The ordeal of traveling endlessly, having your money stolen, and dignity robbed off your person is enough trouble to have in one life.
The road ahead is fraught with danger for a victim of trafficking, and if there’s a lull when authorities can get to a group, it resumes as soon as the authorities pull out. It doesn’t matter if it’s Dover, or further into London, or even further afield such as Birmingham or Newcastle up north.
The point is people can catch up with a group of migrants as easily as the police can, but for a trafficker the job is not over.
The truth is trafficking is a horrible crime. It’s the worst transit crime a person can face whether they are rich or poor. The idea traffickers can reduce wealthy people to poverty and “disappear” poor people away from their families is frightening.
It’s the cruelty involved which is debilitating. The people who do it are just plain evil. These are the experiences of those who’ve been trapped by something they were not planning on becoming embroiled with.
The reason why it happens
Some may say such people got involved because of gambling debts, or irreligion, or because of bad choices in a bad place. The reality is far from it. It isn’t a fault or personal waywardness which comes on people.
The resultant effect of a trafficker’s actions is slavery and it becomes mental, emotional, and spiritual torture for those caught up in it. It’s worse than homelessness. It hits harder than assault or domestic violence put together.
It’s all these rolled up into a larger punishment against the human body which breaks it outright into a form of submission. The use of people who are as broken – and empty inside – as these are is uncertain.
It’s clear that some may end up in sex crimes of different kinds but not the sort which ends up in posh hotels.
It may be labour they become useful for but it isn’t going to be well paid or maybe even paid at all. The numbers of those involved is low and so they can be slotted in just about anywhere. In fact, traffickers are so emboldened they are able to show who they’ve got and “disappear” those people anywhere they want to.
It just depends on the response they get.
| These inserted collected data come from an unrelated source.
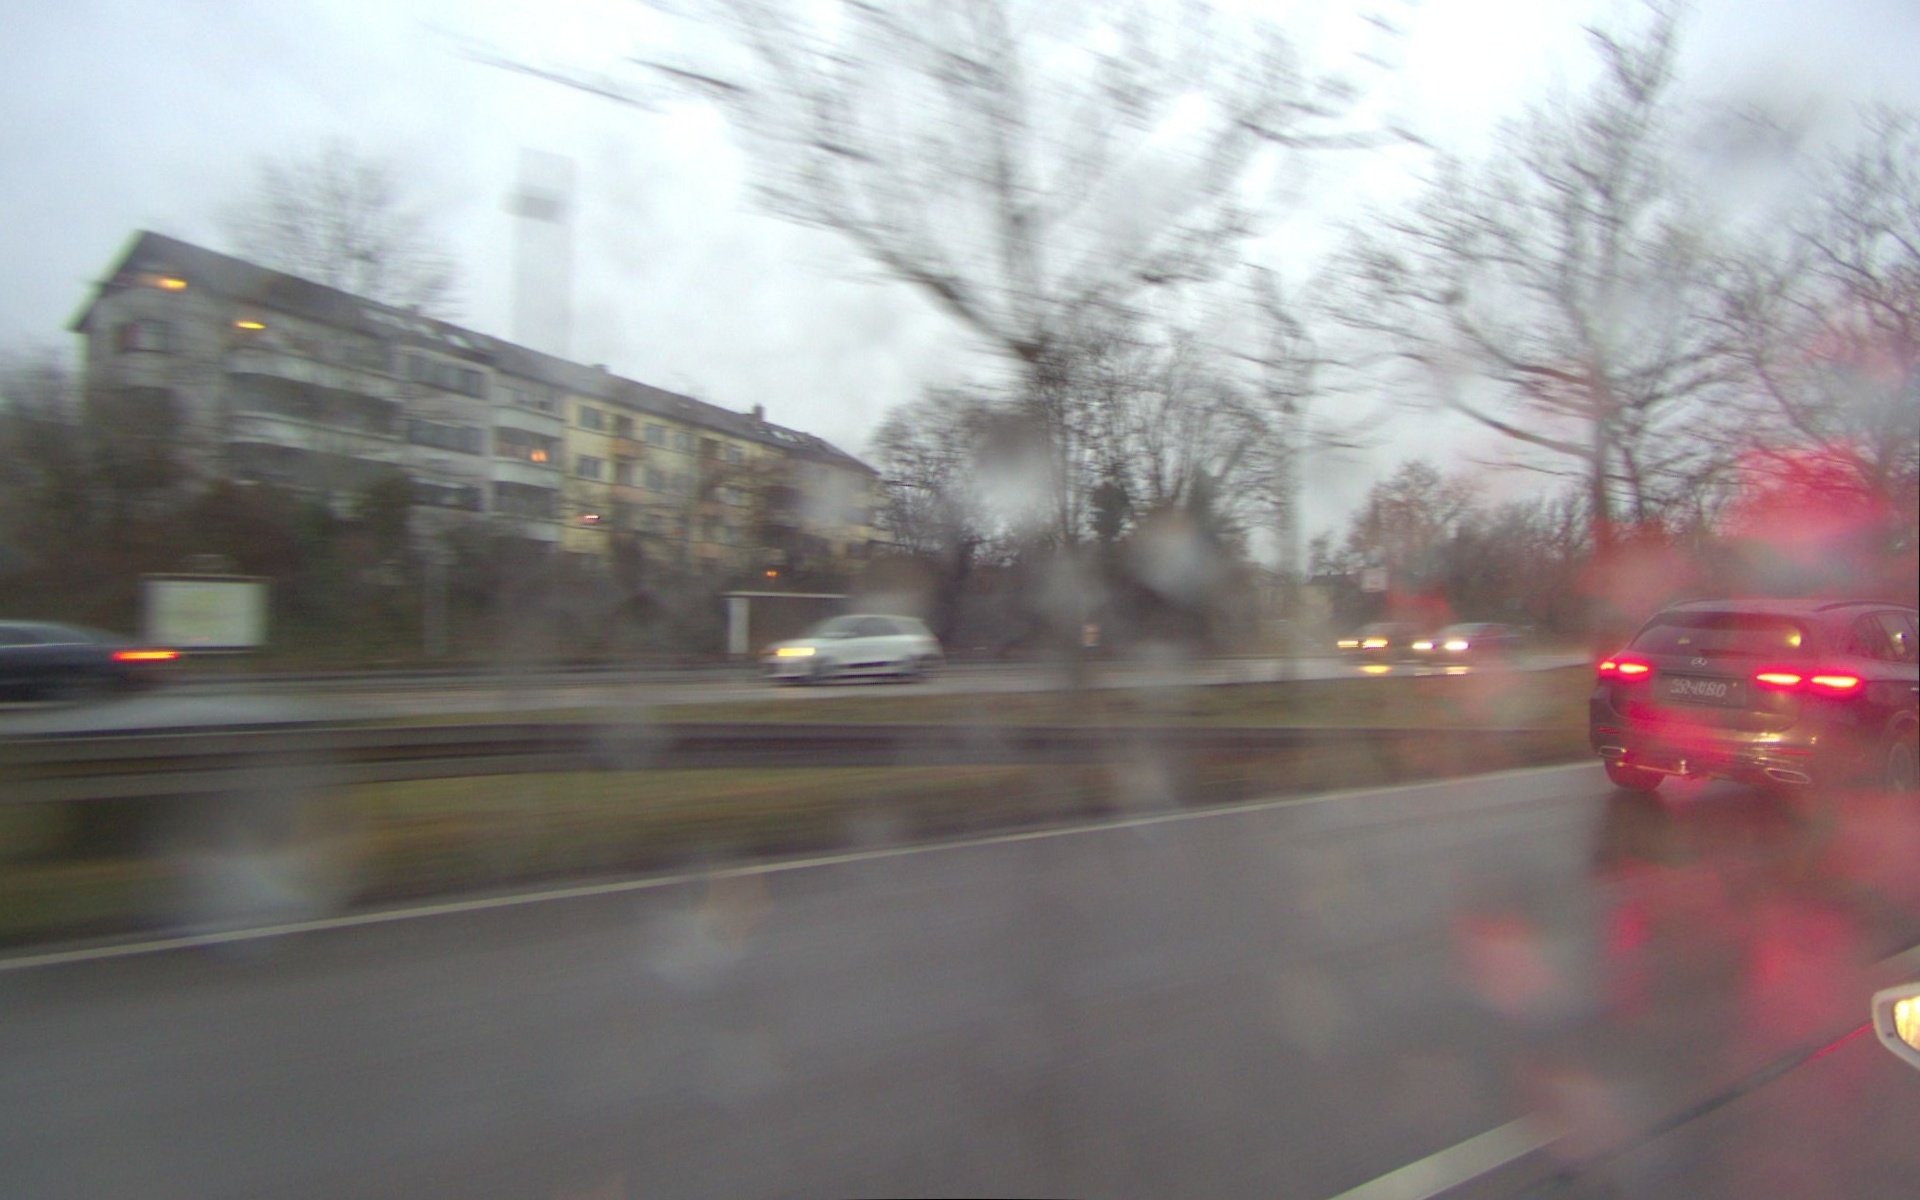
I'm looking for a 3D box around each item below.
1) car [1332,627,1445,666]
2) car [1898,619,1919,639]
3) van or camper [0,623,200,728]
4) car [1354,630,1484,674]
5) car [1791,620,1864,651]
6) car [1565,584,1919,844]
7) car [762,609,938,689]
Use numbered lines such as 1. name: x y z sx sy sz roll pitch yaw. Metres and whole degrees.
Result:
1. car: 16.088 1.719 37.656 4.266 1.325 1.743 1 -1 -31
2. car: 61.487 1.874 63.604 3.953 1.207 1.984 2 0 -30
3. van or camper: -14.720 1.094 15.032 5.099 1.466 1.894 2 -1 -31
4. car: 14.915 1.659 32.554 4.266 1.325 1.743 1 -1 -31
5. car: 41.898 1.704 48.476 3.957 1.357 1.628 1 0 -33
6. car: 7.154 0.799 8.392 4.417 1.669 1.812 2 -1 -32
7. car: -2.473 1.061 22.662 3.535 1.648 1.775 1 0 -32
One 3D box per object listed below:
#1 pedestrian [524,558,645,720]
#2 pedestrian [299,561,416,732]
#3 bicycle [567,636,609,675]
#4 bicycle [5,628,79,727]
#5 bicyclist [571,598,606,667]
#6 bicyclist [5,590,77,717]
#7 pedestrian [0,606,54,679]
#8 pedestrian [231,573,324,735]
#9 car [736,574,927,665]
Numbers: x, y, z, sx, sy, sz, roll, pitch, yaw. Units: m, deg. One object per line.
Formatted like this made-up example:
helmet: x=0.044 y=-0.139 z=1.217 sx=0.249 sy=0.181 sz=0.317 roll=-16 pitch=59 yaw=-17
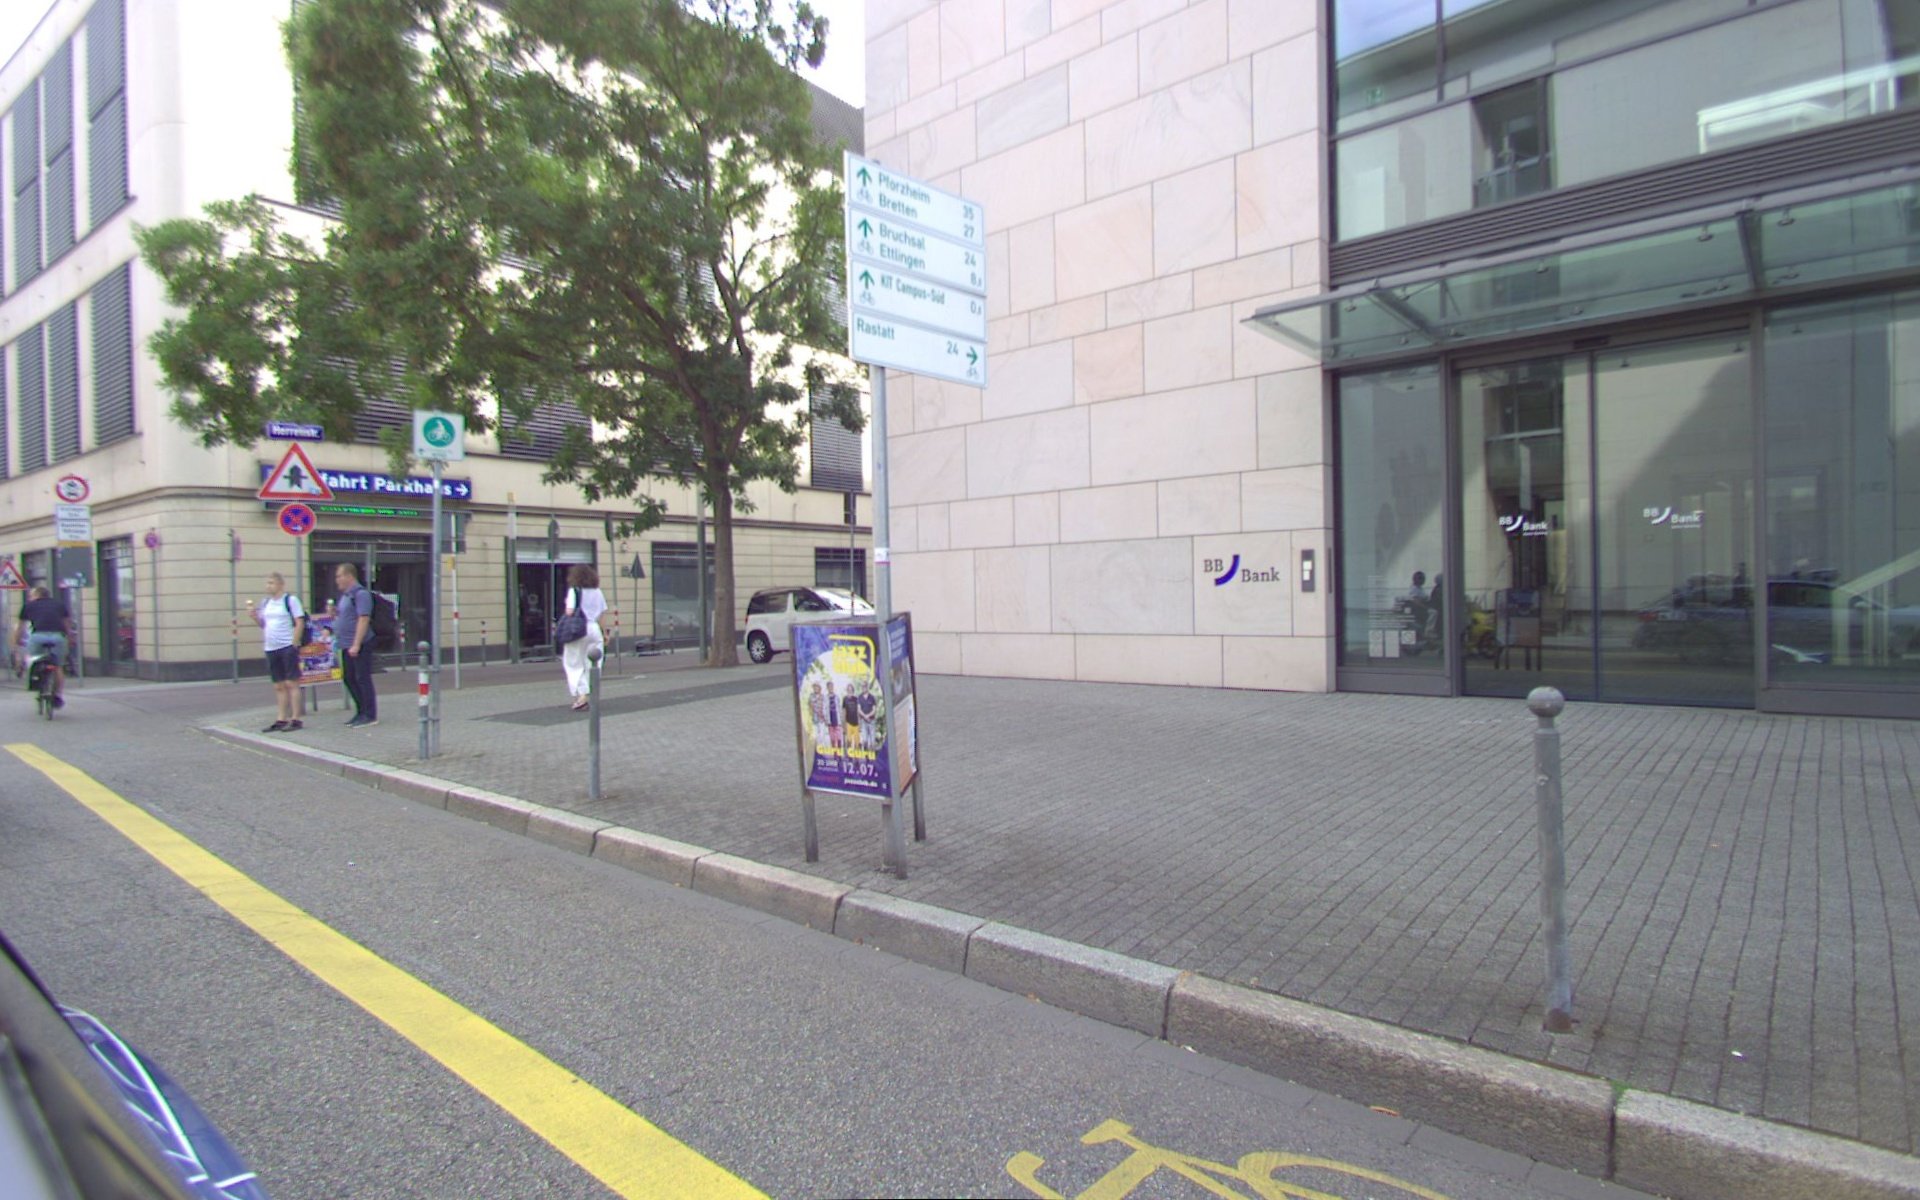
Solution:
pedestrian: x=-4.291 y=0.416 z=11.572 sx=0.909 sy=1.721 sz=0.868 roll=-1 pitch=4 yaw=40
pedestrian: x=-6.799 y=0.506 z=11.436 sx=0.753 sy=1.827 sz=0.738 roll=-2 pitch=3 yaw=29
bicycle: x=-9.166 y=1.353 z=25.008 sx=0.592 sy=0.840 sz=1.728 roll=-5 pitch=1 yaw=-9
bicycle: x=-12.567 y=1.013 z=13.833 sx=0.639 sy=1.250 sz=1.954 roll=3 pitch=-3 yaw=-44
bicyclist: x=-9.219 y=0.797 z=25.106 sx=0.613 sy=1.631 sz=0.645 roll=-3 pitch=1 yaw=-9
bicyclist: x=-12.564 y=0.713 z=13.835 sx=0.635 sy=1.666 sz=0.940 roll=3 pitch=-3 yaw=-45
pedestrian: x=-23.964 y=1.070 z=25.863 sx=1.058 sy=1.778 sz=0.883 roll=-1 pitch=3 yaw=34
pedestrian: x=-7.790 y=0.594 z=11.561 sx=0.651 sy=1.778 sz=0.637 roll=-2 pitch=0 yaw=29
car: x=-2.893 y=0.462 z=22.471 sx=3.957 sy=1.706 sz=1.876 roll=-5 pitch=-3 yaw=37

The cover of a political moment is sometimes all they need to start it off as a process of breaking into a country to make it acceptable. It’s the sympathy vote which can win in countries where there’s a reluctance to accept what trafficking is.
In the UK we have a history of opposing slavery and it takes a lot of work to bring it to a halt, but we’ve done it before to great effect.
The trouble today is information doesn’t get to people and there are those who spread misinformation all over because they want jobs in industries that do it.
Maybe they want a protest to succeed in its goals, or they want to contradict other people for the sake of contradicting other people. It’s more newsworthy to bite back than to comply.
The intransigence of traffickers
There isn’t much change of tact if it looks bad as we’ve seen from the traffickers who use the English Channel to their advantage. They’ve continued to push boats across and they continued to endanger the lives of thousands.
The truth is they know the UK isn’t a safe place for victims of trafficking anyway. We don’t understand the nature of crime and though we have laws most people are apathetic towards its existence.
The attitude in workplaces is that we don’t matter anyway. The ethic in the UK is that if someone hasn’t got any dignity they’re unlikely to get it while they’re here. It’s a truth seen in schools, universities, and graduate workplaces where selfishness is the rule of thumb.
The idea of people’s self-worth isn’t factored in. It’s a bad place to work at the best of times without feeling inferior already.
The overall downturn in the UK right now isn’t over economics or lack of discipline but a tide of ill-will – or a general wash of selfishness – that’s swept over the entire country.
It leaves us incapable of understanding each other and a basic human need that lies in such issues that goes far beneath the surface of a protest movement or a placard.
There’s a strange gap in people’s understanding. It’s no wonder traffickers find it easy to be here. We don’t appear to care at all.